The Model Context Protocol (MCP) is an open-source standard designed to connect LLMs to data sources, developer tools, and external environments. MCP establishes a bidirectional communication channel between client applications (like Cursor, Claude Desktop, or custom agent systems) and servers hosting data or capabilities. Standardizing instructions via SKILL.md enables LLMs to query databases, read local files, execute terminal commands, and integrate third-party APIs. SkillMD allows you to find ready-to-run MCP servers and prompt instructions for various occupations and technical tasks.

The Structure of a Professional SKILL.md File

A valid SKILL.md configuration is designed to be easily read by humans and parsed by LLMs. It contains precise system instructions, trigger conditions, required parameters, and execution examples. Below is the typical architectural blueprint of a professional agent skill:

  • Metadata & Core Scope: Declares the name of the skill, author details, target models, and a description of the capability.
  • Triggers & Intent Detection: Details semantic triggers that help the agent decide when to invoke this skill.
  • System Prompts: Explicit system-level instructions that direct the agent's behavior, personality, safety guardrails, and formatting preferences.
  • Capabilities & Tools: Lists the files, databases, or APIs the agent must access to complete the tasks.
  • Few-Shot Examples: Demonstrates real inputs and outputs, helping the model generalize behavior through in-context learning.

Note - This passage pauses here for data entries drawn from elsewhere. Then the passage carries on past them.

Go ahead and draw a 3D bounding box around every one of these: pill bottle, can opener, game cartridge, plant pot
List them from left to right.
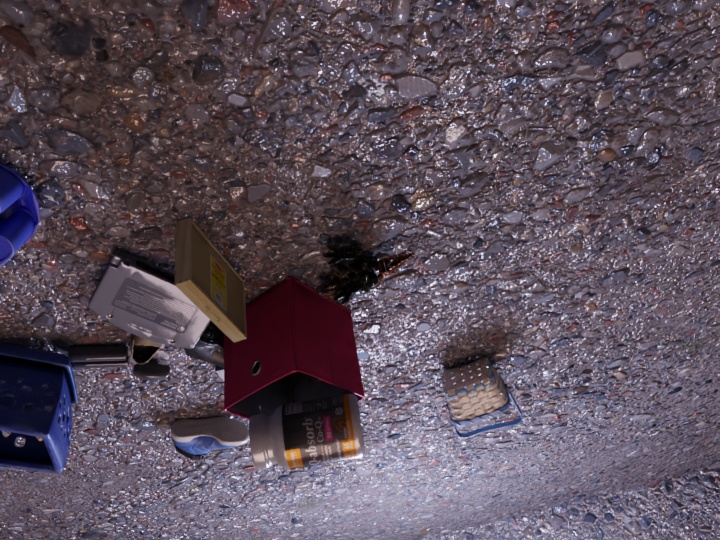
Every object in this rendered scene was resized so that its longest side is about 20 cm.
[{"bbox_3d":[-0.660,0.261,1.220,0.198,0.181,0.201,11,141,-9],"label":"plant pot"},{"bbox_3d":[-0.489,0.184,1.280,0.197,0.067,0.053,4,141,-10],"label":"can opener"},{"bbox_3d":[-0.362,0.060,1.105,0.199,0.041,0.134,28,111,-24],"label":"game cartridge"},{"bbox_3d":[-0.095,0.295,1.138,0.197,0.117,0.117,-9,144,-2],"label":"pill bottle"}]

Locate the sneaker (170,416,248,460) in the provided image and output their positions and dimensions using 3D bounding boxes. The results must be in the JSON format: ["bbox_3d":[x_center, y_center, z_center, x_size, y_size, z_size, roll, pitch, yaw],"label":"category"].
[{"bbox_3d":[-0.387,0.439,1.631,0.197,0.077,0.112,2,137,-9],"label":"sneaker"}]

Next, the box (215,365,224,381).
[{"bbox_3d":[-0.231,0.244,1.440,0.135,0.038,0.201,-13,144,4],"label":"box"}]

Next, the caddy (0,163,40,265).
[{"bbox_3d":[-0.556,-0.078,0.872,0.197,0.105,0.143,-4,122,-8],"label":"caddy"}]

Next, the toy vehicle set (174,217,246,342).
[{"bbox_3d":[-0.248,0.020,1.058,0.026,0.125,0.201,-17,144,9],"label":"toy vehicle set"}]

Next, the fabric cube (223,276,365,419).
[{"bbox_3d":[-0.134,0.169,1.226,0.195,0.201,0.199,-30,140,27],"label":"fabric cube"}]

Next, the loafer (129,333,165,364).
[{"bbox_3d":[-0.388,0.109,1.191,0.075,0.068,0.201,10,137,-25],"label":"loafer"}]

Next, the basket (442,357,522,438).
[{"bbox_3d":[0.300,0.328,1.580,0.175,0.139,0.202,-19,113,12],"label":"basket"}]

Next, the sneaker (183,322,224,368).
[{"bbox_3d":[-0.304,0.155,1.286,0.090,0.077,0.200,-21,134,26],"label":"sneaker"}]

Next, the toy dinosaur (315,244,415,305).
[{"bbox_3d":[0.000,0.000,1.142,0.200,0.103,0.135,-43,158,18],"label":"toy dinosaur"}]
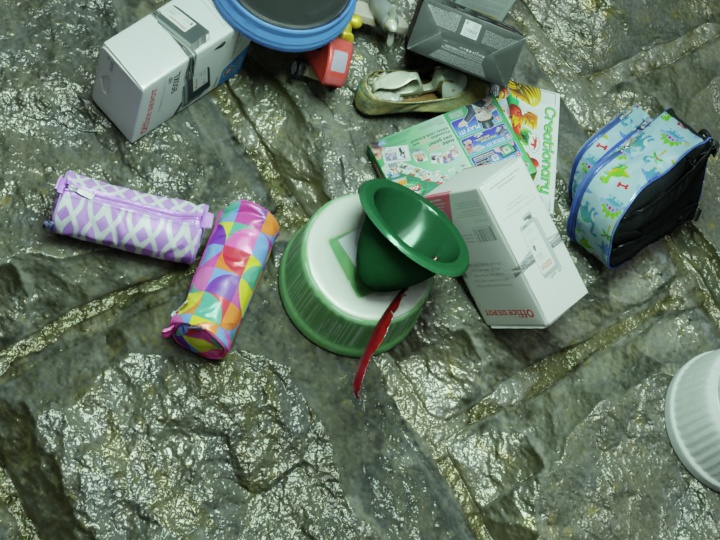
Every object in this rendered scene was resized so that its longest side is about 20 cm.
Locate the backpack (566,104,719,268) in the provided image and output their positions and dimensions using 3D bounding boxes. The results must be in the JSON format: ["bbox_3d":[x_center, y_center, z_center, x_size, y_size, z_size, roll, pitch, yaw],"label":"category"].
[{"bbox_3d":[0.371,-0.112,1.682,0.199,0.184,0.147,-37,59,-23],"label":"backpack"}]

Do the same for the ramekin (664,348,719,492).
[{"bbox_3d":[0.521,0.193,1.636,0.197,0.105,0.203,6,67,-14],"label":"ramekin"}]

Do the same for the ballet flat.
[{"bbox_3d":[0.089,-0.256,1.695,0.197,0.071,0.072,-7,70,-9],"label":"ballet flat"}]

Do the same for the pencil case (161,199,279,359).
[{"bbox_3d":[-0.170,0.011,1.513,0.087,0.089,0.202,25,61,-5],"label":"pencil case"}]

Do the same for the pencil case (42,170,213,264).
[{"bbox_3d":[-0.286,-0.068,1.507,0.197,0.086,0.085,13,53,-13],"label":"pencil case"}]

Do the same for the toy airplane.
[{"bbox_3d":[-0.042,-0.368,1.676,0.200,0.141,0.200,48,50,-2],"label":"toy airplane"}]

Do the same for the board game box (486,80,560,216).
[{"bbox_3d":[0.218,-0.175,1.736,0.124,0.035,0.203,12,65,-11],"label":"board game box"}]

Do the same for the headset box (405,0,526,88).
[{"bbox_3d":[0.142,-0.326,1.699,0.147,0.200,0.078,21,104,-5],"label":"headset box"}]

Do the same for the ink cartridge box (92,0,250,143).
[{"bbox_3d":[-0.240,-0.275,1.574,0.199,0.145,0.084,-39,83,-26],"label":"ink cartridge box"}]

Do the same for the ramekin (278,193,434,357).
[{"bbox_3d":[0.000,0.000,1.559,0.197,0.098,0.203,6,66,-14],"label":"ramekin"}]

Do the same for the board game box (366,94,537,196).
[{"bbox_3d":[0.125,-0.149,1.671,0.198,0.029,0.136,-22,70,-12],"label":"board game box"}]

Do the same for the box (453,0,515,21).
[{"bbox_3d":[0.204,-0.440,1.750,0.081,0.200,0.050,16,64,-10],"label":"box"}]

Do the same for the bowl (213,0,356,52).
[{"bbox_3d":[-0.096,-0.377,1.559,0.198,0.039,0.203,7,67,-16],"label":"bowl"}]

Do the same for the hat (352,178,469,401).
[{"bbox_3d":[0.018,0.010,1.496,0.165,0.177,0.200,40,25,5],"label":"hat"}]

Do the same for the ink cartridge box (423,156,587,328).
[{"bbox_3d":[0.185,-0.032,1.571,0.082,0.146,0.202,-34,103,-24],"label":"ink cartridge box"}]
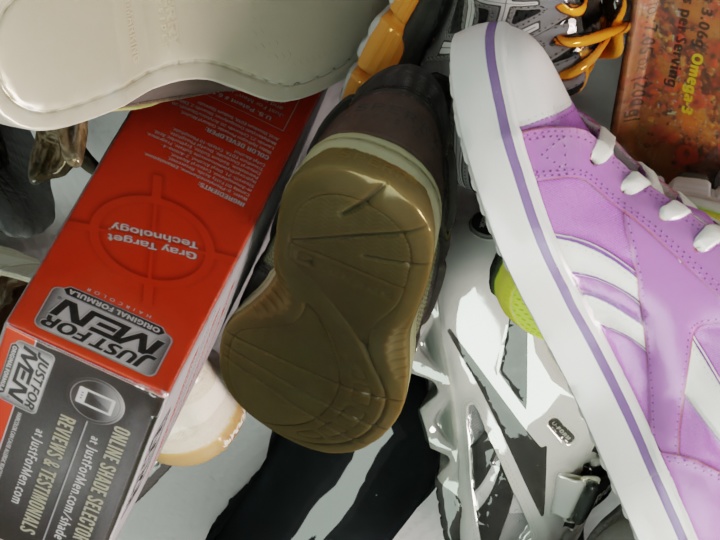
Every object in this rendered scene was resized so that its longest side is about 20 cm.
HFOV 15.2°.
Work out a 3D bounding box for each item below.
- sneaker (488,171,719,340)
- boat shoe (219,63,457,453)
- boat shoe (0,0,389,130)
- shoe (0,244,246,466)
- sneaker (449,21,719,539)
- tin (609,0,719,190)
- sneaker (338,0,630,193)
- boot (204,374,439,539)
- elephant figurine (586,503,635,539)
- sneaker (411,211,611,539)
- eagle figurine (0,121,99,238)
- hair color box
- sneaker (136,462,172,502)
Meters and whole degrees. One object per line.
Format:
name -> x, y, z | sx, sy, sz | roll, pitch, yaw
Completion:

Optimizing Agent Workflows for Modern LLMs

Writing effective agent skills requires deep knowledge of prompt engineering. With the release of advanced reasoning models like Claude 3.5 Sonnet, ChatGPT o1, and DeepSeek-V3, prompt templates must focus on structured thinking. Developers are encouraged to use XML tags (e.g., <thought>, <context>, and <rules>) to isolate execution boundaries. Standardized prompts prevent agents from suffering from context drift, ensuring that long-running tasks remain aligned with the initial system parameters.

Exploring by SOC Occupations and Creator Profiles

What makes SkillMD unique is its taxonomy. Instead of simple text search, we parse and organize files according to the Standard Occupational Classification (SOC) system. This means you can discover skills written for Computer and Mathematical roles, Business and Financial operations, Legal, Design, and and Educational Instruction fields. By tracking creator profiles, developers can study how different teams organize their custom instructions, compare version updates, and fork public configs for specialized enterprise use cases.

SkillMD operates as a high-performance index running on a fast Go backend and a highly responsive Astro SSR frontend. All search queries execute in milliseconds, featuring smart debouncing to prevent multiple API requests while keeping user data secure. Join our community of developers to standardize your AI agent instructions and optimize your LLM prompting workflows today.

8 QUESTIONS

Frequently Asked Questions

A practical guide to agent skills: what they are, how to inspect them, and how SkillMD helps you explore the ecosystem.